Tutto chiaro dal primo momento della guerra

Il 24 febbraio, giorno dell'attacco russo all'Ucraina, era tutto piuttosto chiaro: c'era un aggredito, l'Ucraina, e c'era un aggressore, la Russia

Tutto chiaro dal primo momento della guerra

Il 24 febbraio, giorno dell'attacco russo all'Ucraina, era tutto piuttosto chiaro: c'era un aggredito, l'Ucraina, e c'era un aggressore, la Russia. A spiegare le ragioni della guerra aveva provveduto lo stesso Putin nel lontano 2007, quando, intervenendo alla Conferenza sulla sicurezza di Monaco, mise candidamente in chiaro il proprio disegno: far rivivere l'impero russo, accedere al rango di superpotenza, contenere la diffusione della democrazia tra gli Stati ex sovietici, contrapporsi all'Occidente e ai suoi principi liberali. Non si può dire che Vladimir Putin abbia mentito, va detto che nessun governo occidentale lo ha preso sul serio. Il 24 febbraio tutto si prestava ad una lettura eminentemente (geo)politica. Poi, a confondere le già labili idee dei politici sono arrivati gli intellettuali: gli storici, i sociologi, i giuristi, i giornalisti «anticonformisti» Da quel momento ciò che appariva chiaro si è fatto opaco e la determinazione nel distinguere il male dal bene si è fatta relativa.

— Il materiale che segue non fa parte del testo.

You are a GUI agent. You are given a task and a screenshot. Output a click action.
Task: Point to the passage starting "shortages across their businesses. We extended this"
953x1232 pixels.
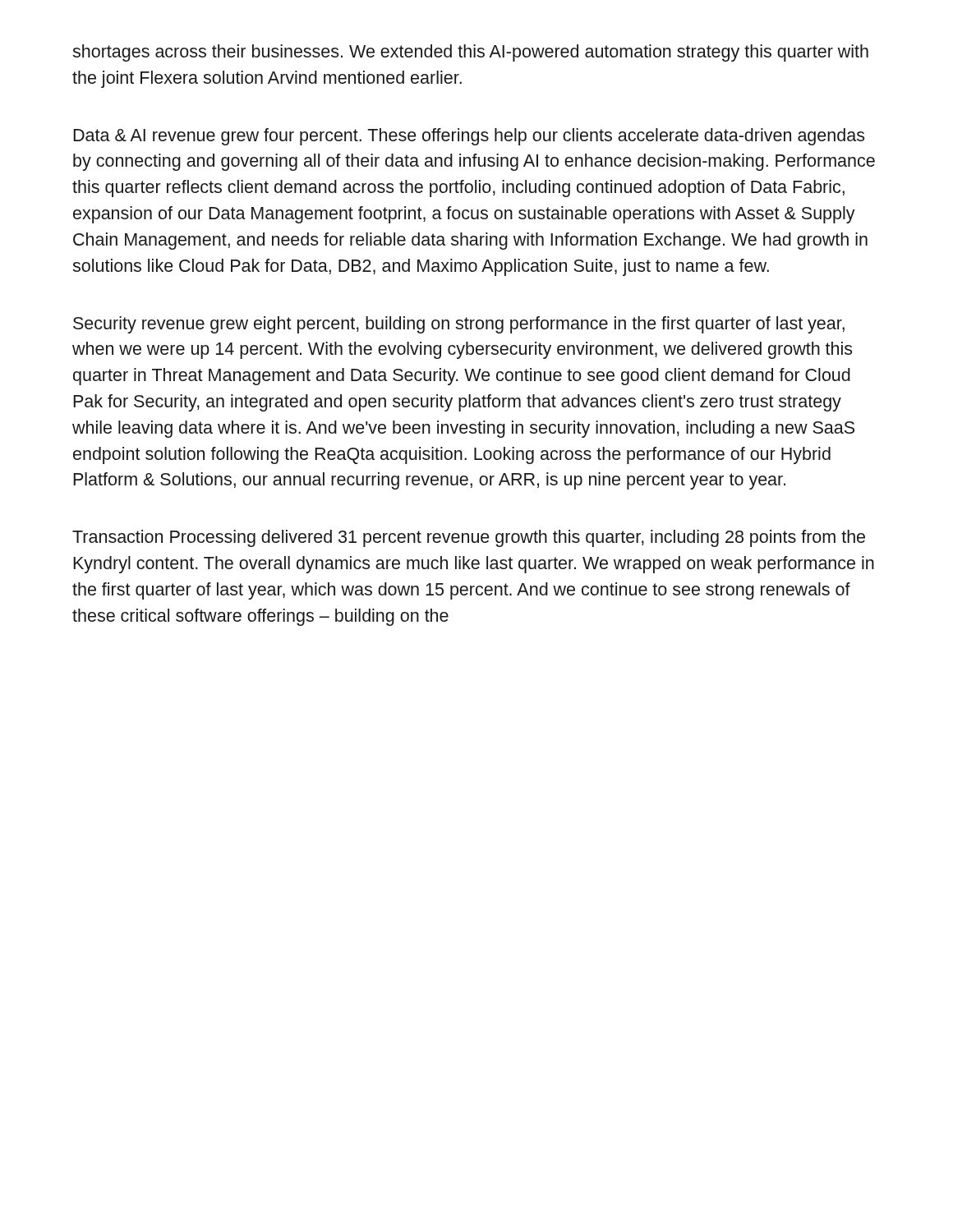coord(471,65)

Qualcuno ha detto che la Russia ha doverosamente reagito all'incombere della Nato, come se aderire all'Alleanza atlantica o all'Unione europea non fossero libere e legittime scelte di uno Stato sovrano ma intollerabili provocazioni dell'Occidente. Come se l'indiscutibile umiliazione subita dalla Germania col Trattato di Versailles potesse giustificare l'Olocausto e la volontà di potenza di Hitler. Molti hanno invocato l'intervento dell'Onu, come se la Russia non avesse diritto di veto su ogni determinazione delle Nazioni Unite. Moltissimi hanno evocato il giudizio della Corte penale internazionale, che pure non è stata riconosciuta né dalla Russia, né dall'Ucraina e neppure dagli Stati Uniti. Allora «una Norimberga», hanno rilanciato. Anche in questo caso trascurando un particolare non insignificante: per processare qualcuno bisogna averlo tratto in arresto e per arrestare Vladimir Putin bisognerebbe vincere una guerra che, a differenza di quel che accadde con Milosevic, nessuno ha voglia di combattere.

Sono solo strepiti retorici, dunque. Mentre a ben guardare la questione politica era e resta fin troppo chiara. Così come l'Impero cinese minaccia l'Occidente con la forza del denaro, l'Impero russo lo sfida con la forza delle armi.

È evidente che siamo in gioco, è evidente con che squadra giocare. Storia e valori fanno di noi il cuore dell'Occidente, siamo soci fondatori del club europeo e la Nato, per quanto inefficace e impolitica possa sembrarci, è la nostra tazza di tè.